Month | No. of policies | Month | No. of policies | Month | No. of policies |
---|---|---|---|---|---|
2019/04 | 7 | 2019/08 | 4 | 2019/12 | 22 |
2019/05 | 24 | 2019/09 | 14 | 2020/01 | 27 |
2019/06 | 18 | 2019/10 | 19 | 2020/02 | 33 |
2019/07 | 11 | 2019/11 | 18 | 2020/03 | 19 |
We imposed a firewall to block blacklisted IPs attempting to access the internal traffic of destination. For 46 days from May when the firewall policy was established through June, a total of 10,147 IPs were blocked by the firewall through the CIDR blocking a single IP or processing the bands of multiple IPs. We found that 29 destination IPs were Chinese IPs with access requests.
Internal IP | Number of intercepts | Blocking specific gravity (%) | Internal IP | Number of policies | Relative height (%) |
---|---|---|---|---|---|
A IP | 5,466 | 53.87 | E IP | 45 | 0.44 |
B IP | 4,236 | 41.75 | F IP | 30 | 0.30 |
C IP | 285 | 2.81 | G IP | 30 | 0.30 |
D IP | 54 | 0.53 | H IP | 1 | 0.01 |
The advancement of infrastructure has increased the necessity to collect a significant amount of personal data for user convenience, driving IT infrastructure managers to encounter many important information assets and systems. However, there is no standardized method for analyzing the data generated during system management, which thus tends to rely on the manager’s experience. While skilled managers can solve a problem based on their experience, most managers take a long time to determine the meaning of each log and the cause of the error from a huge number of logs generated by a system. Systems designed to manage important information assets require timely action against errors and appropriate prevention, but the general process alone is not enough to solve the error when a quick action is required in a certain case.

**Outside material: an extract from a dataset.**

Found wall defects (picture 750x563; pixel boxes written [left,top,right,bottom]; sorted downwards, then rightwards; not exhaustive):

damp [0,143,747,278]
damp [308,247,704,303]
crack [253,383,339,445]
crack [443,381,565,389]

This research analyzed logs generated in a router for one year and studied methods for protecting the system through the detection and access control of SSH brute-force attacks against the target system. We confirmed that many of the logs were generated due to SSH brute-force attacks, and then proposed a blacklisted IP determination model by fragmenting and examining the logs. This approach can prevent continuous attacks by detecting access to specific internal IPs through routers that are not normally protected by security devices. The approach can also prevent unauthorized access to internal IPs and attack site IPs by creating a blacklist based on the risk, thereby preventing infection to other systems. However, this method aims to prevent future attacks by analyzing the attacks that have already occurred, and thus it does not have the capability to respond to real-time attacks.

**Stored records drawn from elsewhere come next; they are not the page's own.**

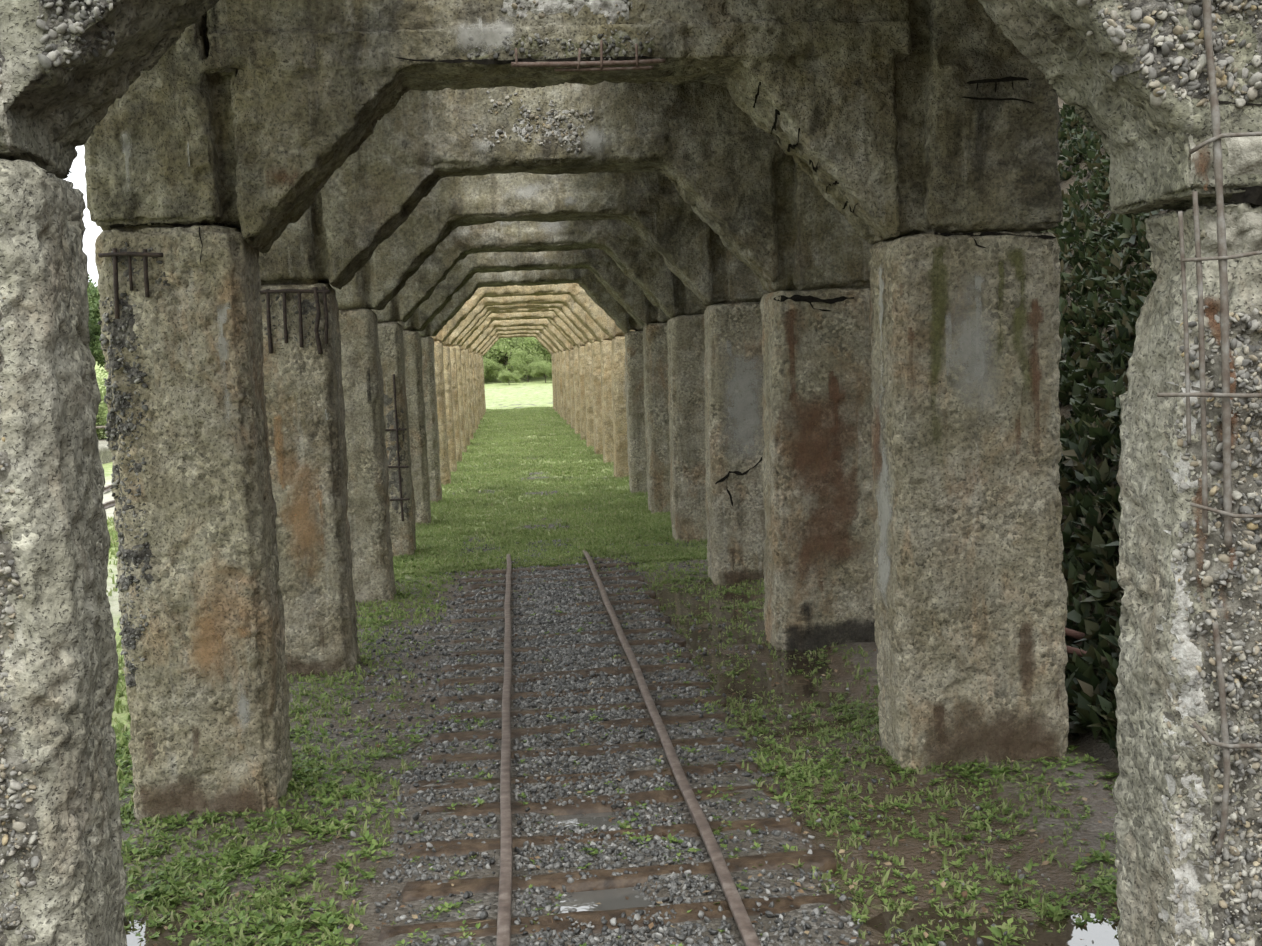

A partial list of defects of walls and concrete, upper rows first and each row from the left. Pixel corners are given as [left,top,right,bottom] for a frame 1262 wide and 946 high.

spalling [467,0,665,72]
crack [753,82,858,213]
crack [774,294,854,312]
damp [945,249,1030,389]
crack [715,456,763,506]
spalling [1077,0,1262,946]

While the logs that are currently generated must be determined faster than the analysis of logs on previous attacks to respond to real-time attacks, in practice, it is difficult for a manager to immediately identify and determine them. To prevent potential attacks, it is necessary to apply a real-time log determination using machine learning in the future by analyzing past logs while conducting real-time analysis on current logs.